┌────────
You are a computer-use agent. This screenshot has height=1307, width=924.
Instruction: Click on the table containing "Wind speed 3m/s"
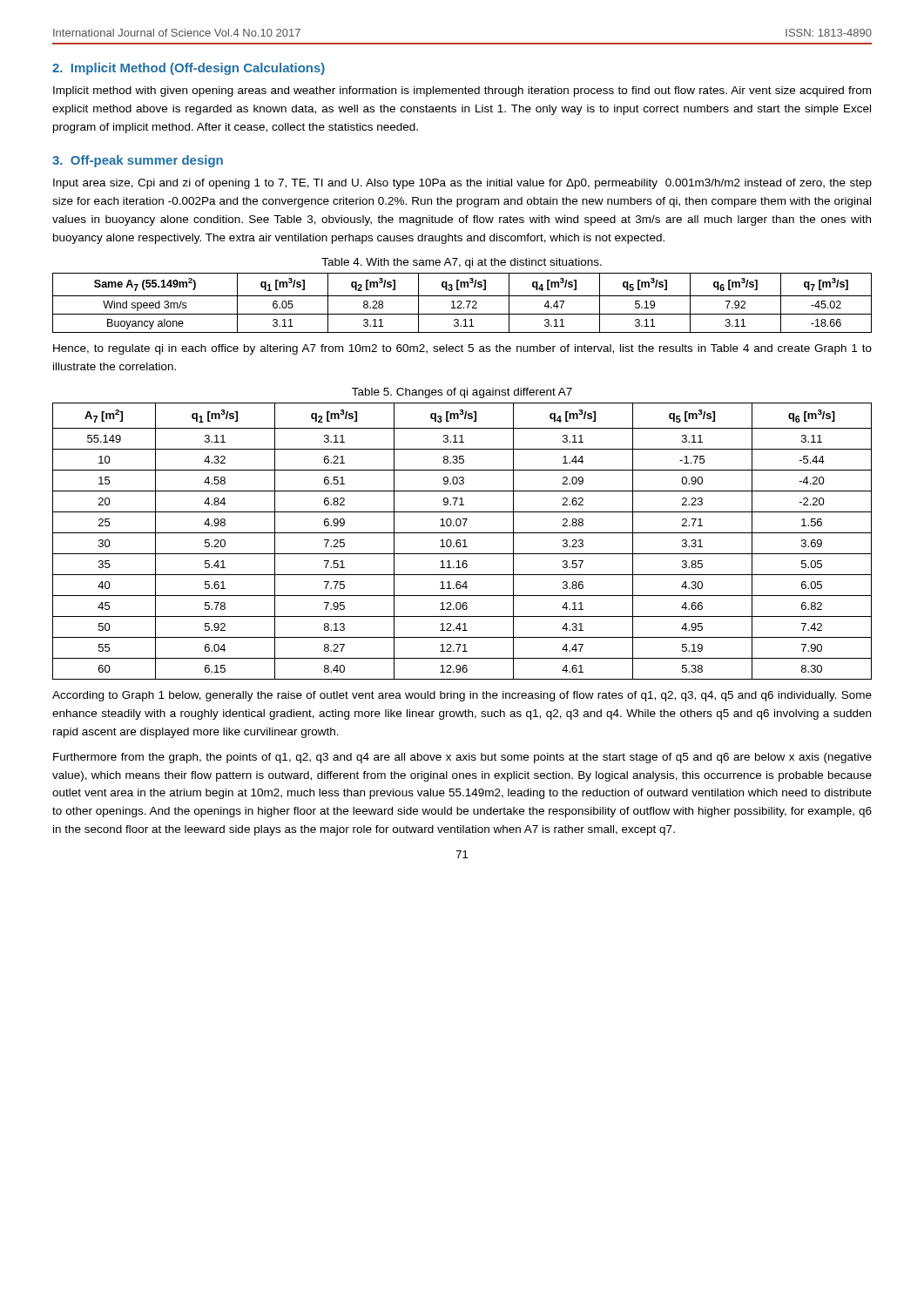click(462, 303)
└────────
┌────────
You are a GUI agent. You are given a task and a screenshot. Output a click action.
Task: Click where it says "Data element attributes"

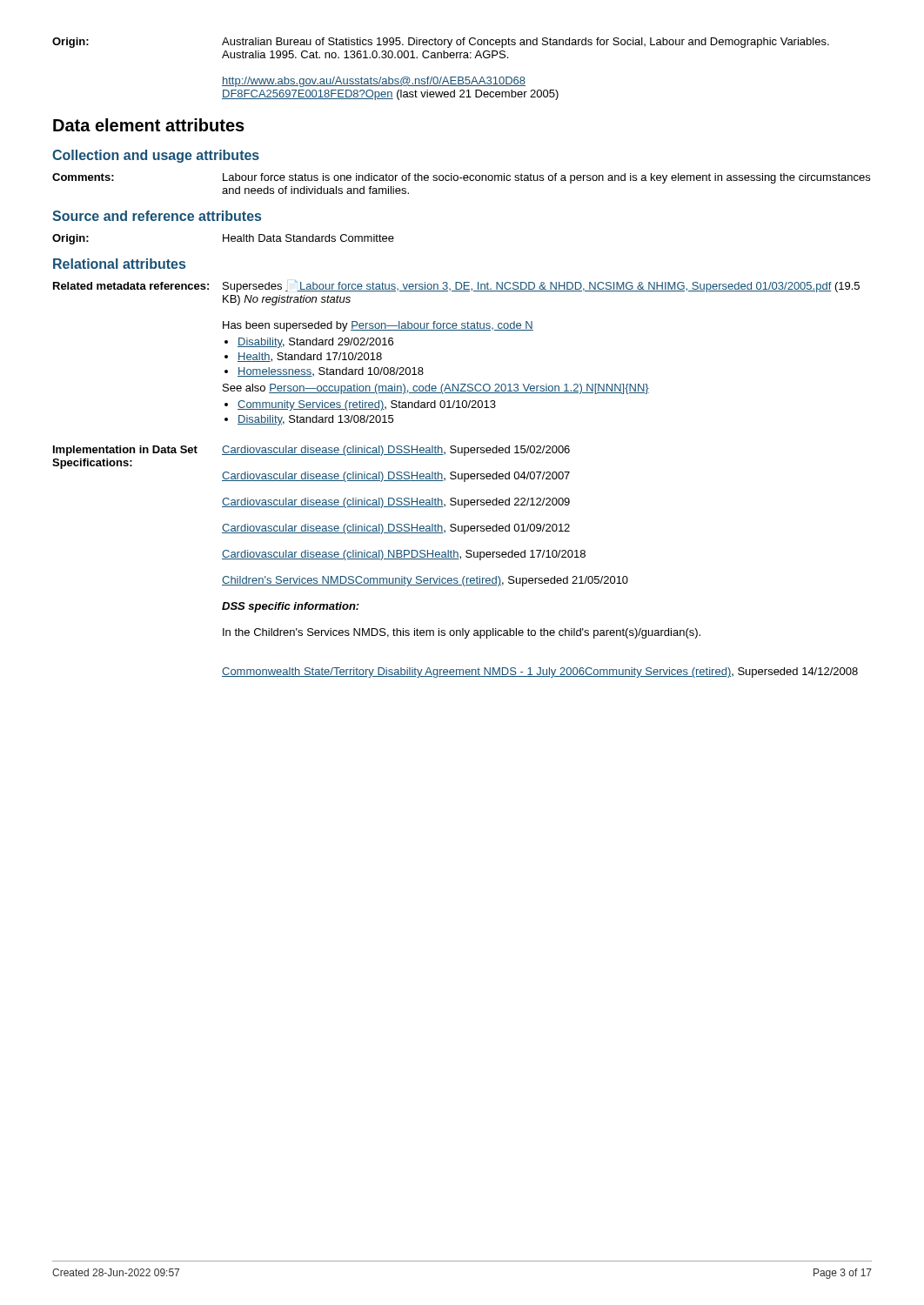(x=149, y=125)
└────────
--- PROMPT ---
Among the lines above, find those holding "agent" and copy each one.

--- WRITTEN SOLUTION ---
You are a computer-use agent. This screenshot has height=1307, width=924.
You are a GUI agent. You are given a task and a screenshot. Output a click action.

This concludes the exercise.